Warmer-than-usual links.

Saturday, August 19th, 1995

It’s the day after my sister’s birthday, and Atlanta (and a good chunk of the rest of the country) has been in the grip of over-100 temperatures, with plenty of humidity, for what seems like days and days and days. If I were smarter, I wouldn’t be here, and last weekend, I made good on that by zipping out to Boise to watch KTVB, the fine NBC station there finally stick a graphics package I had done for them on the air. As a wonderful side benefit, I got some great sunsets to watch and temperatures in the evening down into the forties, and that seems very nice indeed right about now.


And, oh yeah, I also scored some Frequent Flyer miles.


While out there, I stuck my nose into a computer store and watched some guy messing with a net-connected modem and Netscape, calling up page after page. Of course, I couldn’t resist typing my URL in and watching my own words show up half a continent away. Is this publishing? It gives me much the same thrill as when, as a very small child and with my mother’s help,I cranked out a hektographed newspaper for my neighborhood called The Daily Planet. Hektographed? Yep, it’s a process that uses ditto-type masters and a tray filled with a special gelatin. I’m not kidding. Yes, this was in the early 1960s, when computers were still very scary things with huge whirring tape drives. Back then, hektography seemed like quite the technological foray. HTML, of course, seems much easier by comparison. At any rate, when I see pages coming from elementary schools or other conglomerations of young people, it impresses me a bunch more than a particularly-well-designed page from, say, NBC. I hope everyone gives this a try sometime. A global cacaphony of indivisual viewpoints. That, to me, can be a very special kind of community.

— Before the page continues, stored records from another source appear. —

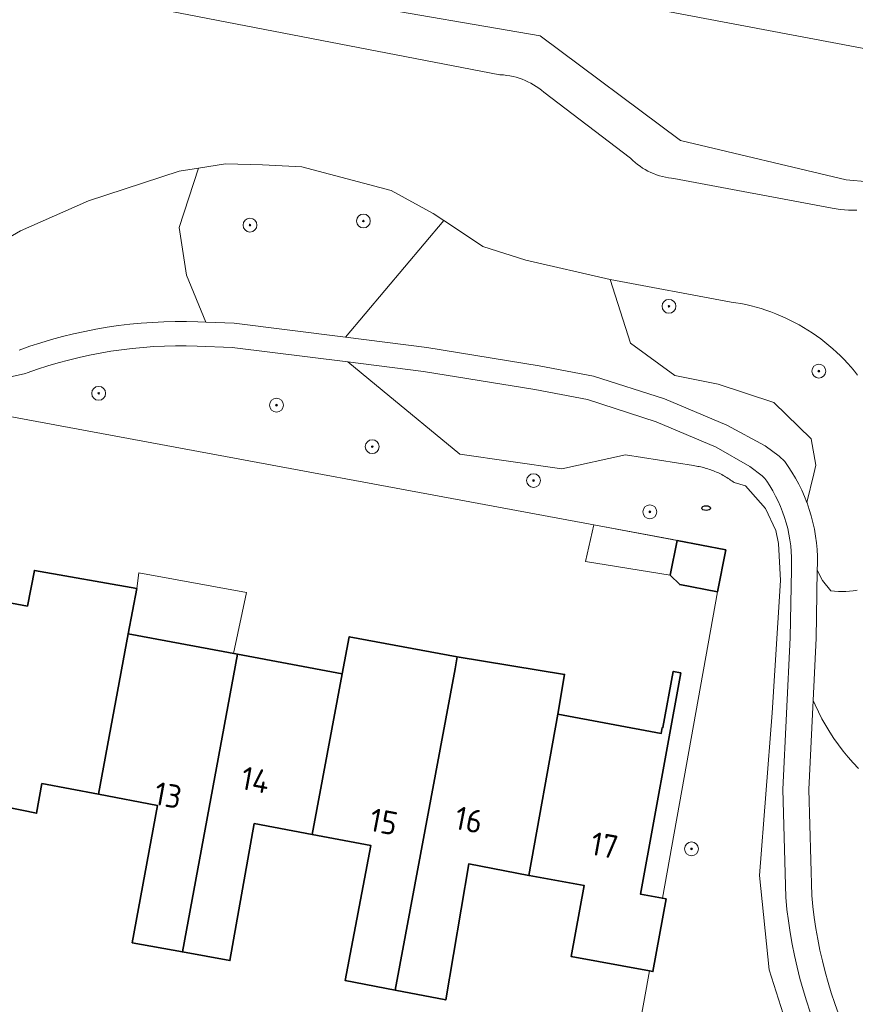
# Model space of a CAD drawing. Header units: metres. Extents: x 152610 to 160096, y 456114 to 462495.
# Tile 256 of 256: x 157159 to 157207, y 460173 to 460230. Entities that reach past the tile are written whole.
import ezdxf
from ezdxf.enums import TextEntityAlignment as Align

# ---------------------------------------------------------------- set-up
doc = ezdxf.new("R2010")
doc.units = ezdxf.units.M
doc.header["$LTSCALE"] = 0.5
doc.layers.get('0').update_dxf_attribs({"linetype": 'CONTINUOUS'})
for name, color, linetype, lineweight in [('B-PV-GR-BEPLANTING_CULTUUR_BOSPLANTSOEN-GV', 251, 'CONTINUOUS', 18), ('B-PV-GR-BOOM-S', 251, 'CONTINUOUS', 25), ('B-PV-GW-TALUD_KRUIN-G', 251, 'CONTINUOUS', 18), ('B-PV-IE-MEUBILAIR-S', 251, 'CONTINUOUS', 25), ('B-PV-OG-BEBOUWING-GV', 6, 'CONTINUOUS', 35), ('B-PV-OG-BEBOUWING-T18', 1, 'CONTINUOUS', 18), ('B-PV-OG-BEBOUWING_OVERBOUWING-GV', 251, 'CONTINUOUS', 18), ('B-PV-OG-TERREIN_BEGROEID-GV', 251, 'CONTINUOUS', 18), ('B-PV-OG-TERREIN_OEVER-GV', 251, 'CONTINUOUS', 18), ('B-PV-OG-WATER_SLOOT-GV', 251, 'CONTINUOUS', 18), ('B-PV-VH-HALFVERHARDING_GRAVEL-GV', 251, 'CONTINUOUS', 18)]:
    doc.layers.add(name, color=color, linetype=linetype, lineweight=lineweight)
doc.styles.add('NLCS-ISO', font='NLCS-ISO.ttf')
doc.styles.add('NLCS-ISO-M750-T18', font='NLCS-ISO.ttf', dxfattribs={"height": 1.35})

# ---------------------------------------------------------------- blocks, each defined once
blk = doc.blocks.new('SIE-MEUBILAIR_PUT_RIOOLPUT-SO')
blk.add_ellipse((0, 0), major_axis=(1.25, 0), ratio=0.54)
blk = doc.blocks.new('SGR-BOOM_GBKN-SO')
at = {"linetype": 'ByBlock', "lineweight": 18}
h = blk.add_hatch(color=0, dxfattribs=at)
h.dxf.hatch_style = 1
edge = h.paths.add_edge_path()
edge.add_arc((0, 0), 0.25, 0, 360)
at = {"color": 0, "linetype": 'ByBlock', "lineweight": 18}
for radius in [2, 0.25]:
    blk.add_circle((0, 0), radius, dxfattribs=at)
at = {"color": 0, "linetype": 'ByBlock', "lineweight": 18, "style": 'NLCS-ISO'}
blk.add_attdef('SOORT', (2.5, 0), '', height=1.5, dxfattribs=at)

msp = doc.modelspace()

# ---------------------------------------------------------------- linework, layer by layer
at = {"layer": 'B-PV-GR-BEPLANTING_CULTUUR_BOSPLANTSOEN-GV', "flags": 128}
for points in [[(157166.095, 460236.261), (157217.983, 460226.464)], [(157217.983, 460226.464), (157166.095, 460236.261)], [(157167.557, 460232.832), (157189.077, 460229.112), (157197.174, 460223.073), (157206.734, 460220.809), (157208.031, 460220.684)], [(157207.398, 460209.523), (157207.211, 460209.756), (157207.019, 460209.985), (157206.82, 460210.209), (157206.615, 460210.427), (157206.405, 460210.64), (157206.189, 460210.847), (157205.968, 460211.048), (157205.741, 460211.243), (157205.509, 460211.432), (157205.272, 460211.614), (157205.03, 460211.791), (157204.784, 460211.96), (157204.533, 460212.124), (157204.278, 460212.28), (157204.019, 460212.429), (157203.756, 460212.572), (157203.49, 460212.707), (157203.219, 460212.835), (157202.946, 460212.957), (157202.669, 460213.07), (157202.389, 460213.176), (157202.107, 460213.275), (157201.822, 460213.366), (157201.535, 460213.449), (157201.245, 460213.525), (157200.954, 460213.593), (157200.661, 460213.653), (157200.367, 460213.705), (157200.105, 460213.745), (157193.103, 460215.042), (157194.293, 460211.36), (157196.845, 460209.497), (157199.347, 460208.992), (157202.556, 460207.943), (157204.722, 460205.835), (157204.986, 460204.318), (157204.865, 460203.817), (157204.467, 460202.172), (157204.479, 460202.142), (157204.608, 460201.769), (157204.723, 460201.391), (157204.822, 460201.008), (157204.906, 460200.622), (157204.973, 460200.232), (157205.026, 460199.841), (157205.062, 460199.447), (157205.082, 460199.052), (157205.085, 460198.778), (157205.086, 460198.657), (157205.074, 460198.262), (157205.363, 460197.662), (157205.855, 460197.068), (157206.071, 460197.045), (157206.287, 460197.032), (157206.504, 460197.028), (157206.721, 460197.032), (157206.937, 460197.046), (157207.153, 460197.069), (157207.367, 460197.101)], [(157203.11, 460172.632), (157202.294, 460175.176), (157201.742, 460180.619), (157202.46, 460190.014), (157202.944, 460197.662), (157202.828, 460199.791), (157202.685, 460200.558), (157202.084, 460201.812), (157200.926, 460203.132), (157200.264, 460203.323), (157200.209, 460203.365), (157200.14, 460203.415), (157200.069, 460203.465), (157199.998, 460203.513), (157199.926, 460203.56), (157199.853, 460203.606), (157199.779, 460203.65), (157199.705, 460203.693), (157199.63, 460203.735), (157199.554, 460203.776), (157199.477, 460203.815), (157199.4, 460203.853), (157199.322, 460203.89), (157199.243, 460203.925), (157199.164, 460203.959), (157199.084, 460203.991), (157199.004, 460204.022), (157198.923, 460204.052), (157198.842, 460204.08), (157198.76, 460204.107), (157198.678, 460204.132), (157198.595, 460204.156), (157198.512, 460204.179), (157198.428, 460204.2), (157198.345, 460204.22), (157198.26, 460204.238), (157198.176, 460204.255), (157198.091, 460204.27), (157198.006, 460204.284), (157197.921, 460204.296), (157194.004, 460204.922), (157190.318, 460204.116), (157184.436, 460204.953), (157179.935, 460208.66), (157177.966, 460210.282), (157171.281, 460211.126), (157169.26, 460211.195), (157168.626, 460211.212), (157168.003, 460211.213), (157167.379, 460211.199), (157166.757, 460211.17), (157166.135, 460211.126), (157165.515, 460211.067), (157164.896, 460210.992), (157164.279, 460210.903), (157163.665, 460210.799), (157163.053, 460210.679), (157162.444, 460210.545), (157161.839, 460210.396), (157161.238, 460210.233), (157160.641, 460210.054), (157160.048, 460209.862), (157159.452, 460209.652), (157159.349, 460209.614), (157156.147, 460208.896)], [(157158.14, 460207.196), (157196.724, 460200.031), (157196.979, 460199.981), (157199.787, 460199.43), (157199.311, 460197.002), (157196.129, 460179.308), (157196.34, 460179.27), (157195.576, 460175.079), (157195.376, 460175.115), (157193.465, 460164.473)], [(157207.367, 460197.101), (157207.153, 460197.069), (157206.937, 460197.046), (157206.721, 460197.032), (157206.504, 460197.028), (157206.287, 460197.032), (157206.071, 460197.045), (157205.855, 460197.068), (157205.363, 460197.662), (157205.074, 460198.262), (157205.033, 460195.587), (157205.013, 460194.324), (157204.836, 460190.73), (157204.941, 460190.483), (157205.132, 460190.077), (157205.337, 460189.678), (157205.556, 460189.287), (157205.789, 460188.903), (157206.035, 460188.528), (157206.295, 460188.163), (157206.567, 460187.806), (157206.852, 460187.46), (157207.149, 460187.124), (157207.457, 460186.798)]]:
    msp.add_lwpolyline(points, dxfattribs=at)
msp.add_lwpolyline([(157173.029, 460221.675), (157170.899, 460221.734), (157169.331, 460221.481), (157168.214, 460218.046), (157168.655, 460215.288), (157169.769, 460212.578), (157171.392, 460212.523), (157177.832, 460211.71), (157183.5, 460218.456), (157182.889, 460218.864), (157180.473, 460220.178), (157175.299, 460221.547)], close=True, dxfattribs=at)
at = {"layer": 'B-PV-GW-TALUD_KRUIN-G', "flags": 128}
for points in [[(157158.979, 460210.969), (157159.599, 460211.188), (157160.224, 460211.391), (157160.854, 460211.579), (157161.488, 460211.751), (157162.126, 460211.909), (157162.768, 460212.05), (157163.413, 460212.176), (157164.062, 460212.286), (157164.712, 460212.38), (157165.365, 460212.459), (157166.019, 460212.521), (157166.675, 460212.568), (157167.331, 460212.598), (157167.988, 460212.613), (157168.646, 460212.611), (157169.303, 460212.594), (157169.769, 460212.578)], [(157169.769, 460212.578), (157171.392, 460212.523), (157177.832, 460211.71)], [(157177.832, 460211.71), (157182.528, 460211.117), (157189.005, 460210.065), (157192.149, 460209.467), (157196.256, 460208.149), (157199.845, 460206.637), (157202.063, 460205.448), (157202.877, 460204.846), (157203.193, 460204.53), (157203.394, 460204.245), (157203.61, 460203.914), (157203.812, 460203.575), (157204, 460203.227), (157204.174, 460202.872), (157204.334, 460202.51), (157204.467, 460202.172)], [(157204.467, 460202.172), (157204.479, 460202.142), (157204.608, 460201.769), (157204.723, 460201.391), (157204.822, 460201.008), (157204.906, 460200.622), (157204.973, 460200.232), (157205.026, 460199.841), (157205.062, 460199.447), (157205.082, 460199.052), (157205.085, 460198.778)], [(157205.033, 460195.587), (157205.013, 460194.324), (157204.836, 460190.73), (157204.941, 460190.483), (157205.132, 460190.077), (157205.337, 460189.678), (157205.556, 460189.287), (157205.789, 460188.903), (157206.035, 460188.528), (157206.295, 460188.163), (157206.567, 460187.806), (157206.852, 460187.46), (157207.149, 460187.124), (157207.457, 460186.798)]]:
    msp.add_lwpolyline(points, dxfattribs=at)
at = {"layer": 'B-PV-OG-BEBOUWING-GV', "flags": 128}
for points in [[(157199.311, 460197.002), (157199.787, 460199.43), (157196.979, 460199.981), (157196.584, 460197.969), (157197.133, 460197.429)], [(157150.75, 460190.141), (157155.786, 460182.97), (157158.196, 460184.586), (157159.985, 460184.216), (157160.293, 460185.931), (157163.571, 460185.314), (157165.285, 460194.587), (157165.768, 460197.198), (157159.866, 460198.248), (157159.463, 460196.183), (157156.582, 460196.722), (157155.544, 460191.163), (157158.001, 460190.704), (157157.657, 460188.862), (157154.204, 460189.502)], [(157171.591, 460193.408), (157165.285, 460194.587), (157163.571, 460185.314), (157166.962, 460184.675), (157165.512, 460176.742), (157168.409, 460176.212)], [(157177.643, 460192.277), (157175.911, 460182.991), (157179.291, 460182.356), (157177.799, 460174.568), (157180.7, 460174.004), (157183.882, 460191.11), (157184.154, 460192.563), (157184.282, 460193.249), (157178.041, 460194.413)], [(157171.591, 460193.408), (157168.409, 460176.212), (157171.155, 460175.709), (157172.562, 460183.621), (157175.911, 460182.991), (157177.643, 460192.277)], [(157188.416, 460180.622), (157190.082, 460189.951), (157190.475, 460192.241), (157184.282, 460193.249), (157184.154, 460192.563), (157183.882, 460191.11), (157180.7, 460174.004), (157183.618, 460173.436), (157184.943, 460181.293)], [(157197.193, 460192.329), (157196.751, 460192.409), (157196.159, 460189.163), (157196.12, 460189.17), (157196.059, 460188.834), (157190.082, 460189.951), (157188.416, 460180.622), (157188.433, 460180.619), (157191.611, 460180.04), (157190.864, 460175.937), (157195.376, 460175.115), (157195.576, 460175.079), (157196.34, 460179.27), (157196.129, 460179.308), (157194.864, 460179.539)]]:
    msp.add_lwpolyline(points, close=True, dxfattribs=at)
at = {"layer": 'B-PV-OG-BEBOUWING_OVERBOUWING-GV', "flags": 128}
for points in [[(157196.979, 460199.981), (157192.161, 460200.878), (157191.688, 460198.762), (157196.584, 460197.969)], [(157172.119, 460196.97), (157165.892, 460198.1), (157165.768, 460197.198), (157165.285, 460194.587), (157171.362, 460193.451)]]:
    msp.add_lwpolyline(points, close=True, dxfattribs=at)
at = {"layer": 'B-PV-OG-TERREIN_BEGROEID-GV', "flags": 128}
for points in [[(157158.979, 460210.969), (157159.599, 460211.188), (157160.224, 460211.391), (157160.854, 460211.579), (157161.488, 460211.751), (157162.126, 460211.909), (157162.768, 460212.05), (157163.413, 460212.176), (157164.062, 460212.286), (157164.712, 460212.38), (157165.365, 460212.459), (157166.019, 460212.521), (157166.675, 460212.568), (157167.331, 460212.598), (157167.988, 460212.613), (157168.646, 460212.611), (157169.303, 460212.594), (157169.769, 460212.578), (157168.655, 460215.288), (157168.214, 460218.046), (157169.331, 460221.481), (157168.214, 460221.301), (157162.986, 460219.598), (157159.05, 460217.866), (157154.769, 460215.365)], [(157204.669, 460172.741), (157204.453, 460173.383), (157204.254, 460174.03), (157204.071, 460174.681), (157203.905, 460175.338), (157203.754, 460175.998), (157203.621, 460176.661), (157203.504, 460177.328), (157203.403, 460177.998), (157203.32, 460178.67), (157203.25, 460179.375), (157203.08, 460185.6), (157203.514, 460194.373), (157203.575, 460198.296), (157203.586, 460198.671), (157203.582, 460199.006), (157203.565, 460199.34), (157203.535, 460199.673), (157203.491, 460200.005), (157203.433, 460200.334), (157203.362, 460200.661), (157203.278, 460200.985), (157203.181, 460201.305), (157203.072, 460201.622), (157202.949, 460201.933), (157202.814, 460202.239), (157202.667, 460202.539), (157202.508, 460202.834), (157202.336, 460203.121), (157202.153, 460203.403), (157202.042, 460203.56), (157201.895, 460203.707), (157201.171, 460204.242), (157199.241, 460205.372), (157195.769, 460206.834), (157191.803, 460208.107), (157188.762, 460208.686), (157182.328, 460209.731), (157177.966, 460210.282), (157179.935, 460208.66), (157184.436, 460204.953), (157190.318, 460204.116), (157194.004, 460204.922), (157197.921, 460204.296), (157198.006, 460204.284), (157198.091, 460204.27), (157198.176, 460204.255), (157198.26, 460204.238), (157198.345, 460204.22), (157198.428, 460204.2), (157198.512, 460204.179), (157198.595, 460204.156), (157198.678, 460204.132), (157198.76, 460204.107), (157198.842, 460204.08), (157198.923, 460204.052), (157199.004, 460204.022), (157199.084, 460203.991), (157199.164, 460203.959), (157199.243, 460203.925), (157199.322, 460203.89), (157199.4, 460203.853), (157199.477, 460203.815), (157199.554, 460203.776), (157199.63, 460203.735), (157199.705, 460203.693), (157199.779, 460203.65), (157199.853, 460203.606), (157199.926, 460203.56), (157199.998, 460203.513), (157200.069, 460203.465), (157200.14, 460203.415), (157200.209, 460203.365), (157200.264, 460203.323), (157200.926, 460203.132), (157202.084, 460201.812), (157202.685, 460200.558), (157202.828, 460199.791), (157202.944, 460197.662), (157202.46, 460190.014), (157201.742, 460180.619), (157202.294, 460175.176), (157203.11, 460172.632)], [(157207.457, 460186.798), (157207.149, 460187.124), (157206.852, 460187.46), (157206.567, 460187.806), (157206.295, 460188.163), (157206.035, 460188.528), (157205.789, 460188.903), (157205.556, 460189.287), (157205.337, 460189.678), (157205.132, 460190.077), (157204.941, 460190.483), (157204.836, 460190.73), (157204.581, 460185.583), (157204.748, 460179.47), (157204.811, 460178.836), (157204.89, 460178.202), (157204.984, 460177.569), (157205.095, 460176.939), (157205.221, 460176.312), (157205.363, 460175.689), (157205.52, 460175.069), (157205.693, 460174.453), (157205.881, 460173.842), (157206.085, 460173.236), (157206.304, 460172.635)]]:
    msp.add_lwpolyline(points, dxfattribs=at)
msp.add_lwpolyline([(157184.29, 460217.929), (157183.5, 460218.456), (157177.832, 460211.71), (157182.528, 460211.117), (157189.005, 460210.065), (157192.149, 460209.467), (157196.256, 460208.149), (157199.845, 460206.637), (157202.063, 460205.448), (157202.877, 460204.846), (157203.193, 460204.53), (157203.394, 460204.245), (157203.61, 460203.914), (157203.812, 460203.575), (157204, 460203.227), (157204.174, 460202.872), (157204.334, 460202.51), (157204.467, 460202.172), (157204.865, 460203.817), (157204.986, 460204.318), (157204.722, 460205.835), (157202.556, 460207.943), (157199.347, 460208.992), (157196.845, 460209.497), (157194.293, 460211.36), (157193.103, 460215.042), (157188.244, 460216.169), (157185.762, 460216.959)], close=True, dxfattribs=at)
at = {"layer": 'B-PV-OG-TERREIN_OEVER-GV', "flags": 128}
for points in [[(157208.031, 460220.684), (157206.734, 460220.809), (157197.174, 460223.073), (157189.077, 460229.112), (157167.557, 460232.832)], [(157166.087, 460230.858), (157186.732, 460226.873), (157186.777, 460226.871), (157186.96, 460226.858), (157187.141, 460226.836), (157187.321, 460226.807), (157187.5, 460226.769), (157187.678, 460226.725), (157187.853, 460226.672), (157188.025, 460226.611), (157188.195, 460226.544), (157188.361, 460226.468), (157188.525, 460226.386), (157188.684, 460226.297), (157188.839, 460226.2), (157188.99, 460226.097), (157189.137, 460225.988), (157189.278, 460225.872), (157194.288, 460222.044), (157194.417, 460221.92), (157194.551, 460221.802), (157194.691, 460221.69), (157194.835, 460221.584), (157194.984, 460221.485), (157195.137, 460221.393), (157195.295, 460221.308), (157195.456, 460221.23), (157195.62, 460221.159), (157195.787, 460221.095), (157195.957, 460221.039), (157196.129, 460220.991), (157196.303, 460220.95), (157196.479, 460220.918), (157196.656, 460220.893), (157196.78, 460220.88), (157205.928, 460219.164), (157206.165, 460219.124), (157206.402, 460219.092), (157206.641, 460219.069), (157206.881, 460219.053), (157207.121, 460219.045), (157207.361, 460219.045)]]:
    msp.add_lwpolyline(points, dxfattribs=at)
at = {"layer": 'B-PV-OG-WATER_SLOOT-GV', "flags": 128}
for points in [[(157207.361, 460219.045), (157207.121, 460219.045), (157206.881, 460219.053), (157206.641, 460219.069), (157206.402, 460219.092), (157206.165, 460219.124), (157205.928, 460219.164), (157196.78, 460220.88), (157196.656, 460220.893), (157196.479, 460220.918), (157196.303, 460220.95), (157196.129, 460220.991), (157195.957, 460221.039), (157195.787, 460221.095), (157195.62, 460221.159), (157195.456, 460221.23), (157195.295, 460221.308), (157195.137, 460221.393), (157194.984, 460221.485), (157194.835, 460221.584), (157194.691, 460221.69), (157194.551, 460221.802), (157194.417, 460221.92), (157194.288, 460222.044), (157189.278, 460225.872), (157189.137, 460225.988), (157188.99, 460226.097), (157188.839, 460226.2), (157188.684, 460226.297), (157188.525, 460226.386), (157188.361, 460226.468), (157188.195, 460226.544), (157188.025, 460226.611), (157187.853, 460226.672), (157187.678, 460226.725), (157187.5, 460226.769), (157187.321, 460226.807), (157187.141, 460226.836), (157186.96, 460226.858), (157186.777, 460226.871), (157186.732, 460226.873), (157166.087, 460230.858)], [(157154.769, 460215.365), (157159.05, 460217.866), (157162.986, 460219.598), (157168.214, 460221.301), (157169.331, 460221.481), (157170.899, 460221.734), (157173.029, 460221.675), (157175.299, 460221.547), (157180.473, 460220.178), (157182.889, 460218.864), (157183.5, 460218.456), (157184.29, 460217.929), (157185.762, 460216.959), (157188.244, 460216.169), (157193.103, 460215.042), (157200.105, 460213.745), (157200.367, 460213.705), (157200.661, 460213.653), (157200.954, 460213.593), (157201.245, 460213.525), (157201.535, 460213.449), (157201.822, 460213.366), (157202.107, 460213.275), (157202.389, 460213.176), (157202.669, 460213.07), (157202.946, 460212.957), (157203.219, 460212.835), (157203.49, 460212.707), (157203.756, 460212.572), (157204.019, 460212.429), (157204.278, 460212.28), (157204.533, 460212.124), (157204.784, 460211.96), (157205.03, 460211.791), (157205.272, 460211.614), (157205.509, 460211.432), (157205.741, 460211.243), (157205.968, 460211.048), (157206.189, 460210.847), (157206.405, 460210.64), (157206.615, 460210.427), (157206.82, 460210.209), (157207.019, 460209.985), (157207.211, 460209.756), (157207.398, 460209.523)]]:
    msp.add_lwpolyline(points, dxfattribs=at)
at = {"layer": 'B-PV-VH-HALFVERHARDING_GRAVEL-GV', "flags": 128}
for points in [[(157206.304, 460172.635), (157206.085, 460173.236), (157205.881, 460173.842), (157205.693, 460174.453), (157205.52, 460175.069), (157205.363, 460175.689), (157205.221, 460176.312), (157205.095, 460176.939), (157204.984, 460177.569), (157204.89, 460178.202), (157204.811, 460178.836), (157204.748, 460179.47), (157204.581, 460185.583), (157204.836, 460190.73), (157205.013, 460194.324), (157205.033, 460195.587), (157205.074, 460198.262), (157205.086, 460198.657), (157205.085, 460198.778), (157205.082, 460199.052), (157205.062, 460199.447), (157205.026, 460199.841), (157204.973, 460200.232), (157204.906, 460200.622), (157204.822, 460201.008), (157204.723, 460201.391), (157204.608, 460201.769), (157204.479, 460202.142), (157204.467, 460202.172), (157204.334, 460202.51), (157204.174, 460202.872), (157204, 460203.227), (157203.812, 460203.575), (157203.61, 460203.914), (157203.394, 460204.245), (157203.193, 460204.53), (157202.877, 460204.846), (157202.063, 460205.448), (157199.845, 460206.637), (157196.256, 460208.149), (157192.149, 460209.467), (157189.005, 460210.065), (157182.528, 460211.117), (157177.832, 460211.71), (157171.392, 460212.523), (157169.769, 460212.578), (157169.303, 460212.594), (157168.646, 460212.611), (157167.988, 460212.613), (157167.331, 460212.598), (157166.675, 460212.568), (157166.019, 460212.521), (157165.365, 460212.459), (157164.712, 460212.38), (157164.062, 460212.286), (157163.413, 460212.176), (157162.768, 460212.05), (157162.126, 460211.909), (157161.488, 460211.751), (157160.854, 460211.579), (157160.224, 460211.391), (157159.599, 460211.188), (157158.979, 460210.969)], [(157156.147, 460208.896), (157159.349, 460209.614), (157159.452, 460209.652), (157160.048, 460209.862), (157160.641, 460210.054), (157161.238, 460210.233), (157161.839, 460210.396), (157162.444, 460210.545), (157163.053, 460210.679), (157163.665, 460210.799), (157164.279, 460210.903), (157164.896, 460210.992), (157165.515, 460211.067), (157166.135, 460211.126), (157166.757, 460211.17), (157167.379, 460211.199), (157168.003, 460211.213), (157168.626, 460211.212), (157169.26, 460211.195), (157171.281, 460211.126), (157177.966, 460210.282), (157182.328, 460209.731), (157188.762, 460208.686), (157191.803, 460208.107), (157195.769, 460206.834), (157199.241, 460205.372), (157201.171, 460204.242), (157201.895, 460203.707), (157202.042, 460203.56), (157202.153, 460203.403), (157202.336, 460203.121), (157202.508, 460202.834), (157202.667, 460202.539), (157202.814, 460202.239), (157202.949, 460201.933), (157203.072, 460201.622), (157203.181, 460201.305), (157203.278, 460200.985), (157203.362, 460200.661), (157203.433, 460200.334), (157203.491, 460200.005), (157203.535, 460199.673), (157203.565, 460199.34), (157203.582, 460199.006), (157203.586, 460198.671), (157203.575, 460198.296), (157203.514, 460194.373), (157203.08, 460185.6), (157203.25, 460179.375), (157203.32, 460178.67), (157203.403, 460177.998), (157203.504, 460177.328), (157203.621, 460176.661), (157203.754, 460175.998), (157203.905, 460175.338), (157204.071, 460174.681), (157204.254, 460174.03), (157204.453, 460173.383), (157204.669, 460172.741)]]:
    msp.add_lwpolyline(points, dxfattribs=at)

# ---------------------------------------------------------------- block references
at = {"layer": 'B-PV-GR-BOOM-S', "xscale": 0.2, "yscale": 0.2, "zscale": 0.2}
for p in [(157178.86, 460218.423), (157172.311, 460218.189), (157196.506, 460213.499), (157205.159, 460209.757), (157163.574, 460208.472), (157173.842, 460207.788), (157179.371, 460205.392), (157188.688, 460203.432), (157195.404, 460201.627), (157197.811, 460182.161)]:
    msp.add_blockref('SGR-BOOM_GBKN-SO', p, dxfattribs=at)
at = {"layer": 'B-PV-IE-MEUBILAIR-S', "xscale": 0.2, "yscale": 0.2, "zscale": 0.2}
msp.add_blockref('SIE-MEUBILAIR_PUT_RIOOLPUT-SO', (157198.647, 460201.841), dxfattribs=at)

# ---------------------------------------------------------------- texts
at = {"layer": 'B-PV-OG-BEBOUWING-T18', "style": 'NLCS-ISO-M750-T18'}
for s, rotation, p in [('14', 349.6, (157172.624, 460186.145)), ('13', 349.5, (157167.581, 460185.261)), ('15', 349, (157180.032, 460183.733)), ('16', 349, (157184.952, 460183.84)), ('17', 349.7, (157192.778, 460182.369))]:
    msp.add_text(s, height=1.35, rotation=rotation, dxfattribs=at).set_placement(p, align=Align.MIDDLE)

doc.saveas('drawing.dxf')

It seems that more and more people are coming to me for web page design (yes, I do that)–so much so that it’s beginning to supplant some of the broadcast work that I do. Fewer news opens and more web pages? Hey, why not? As someone with a fairly broad-based background in darn near everything digital, I have to be open to any possibilities (or so I tell myself.)


I’m also beginning to get quite a few suggestions that I talk on these pages about how to do some of the kind of design work you see here. Well…start with Adobe Photoshop… (Maybe I’ll go into greater–much greater–detail soon.)


What looks good out there?

This time, I’ve accumulated a bunch of sorta-kinda non-sequitur links. Here they are for what thery’re worth, along with a path to a much bigger page I’ve done of interesting places to go.

  • Mexican food! Food and Cooking in Prehispanic Mexico!
  • 3d models! The classic Avalon/Chinalake site has been taken under Viewpoint‘s wing. Good place for it, good people. For all your 3d modeling needs.
  • PageMill! From the nice folks at Ceneca Communications. Everything I heard from MacWorld says that this is the breakthrough HTML editing software. On the Mac, of course, where all breakthroughs happen.
  • Trendy LA 3d designers! A lot of the great effects sequences in films and spots are coming from Digital Domain these days. They have a WWW site with more ego and attitude than I’ve seen in some time. Is that a good thing? Uh…I dunno.
  • Oppose the Microsoft juggernaut! Jon Pugh is one of my favorite programmers, and his web page has some remarkably cogent arguments against the Redmond, Washington-based purveyor of bloated, slow Mac software. Oh, don’t get me started.
  • Trains! A future PosAtlGA will have some attempt at articulating my childhood love of trains and train travel. Until then, enjoy this digital roundhouse of things ferro-carril-like.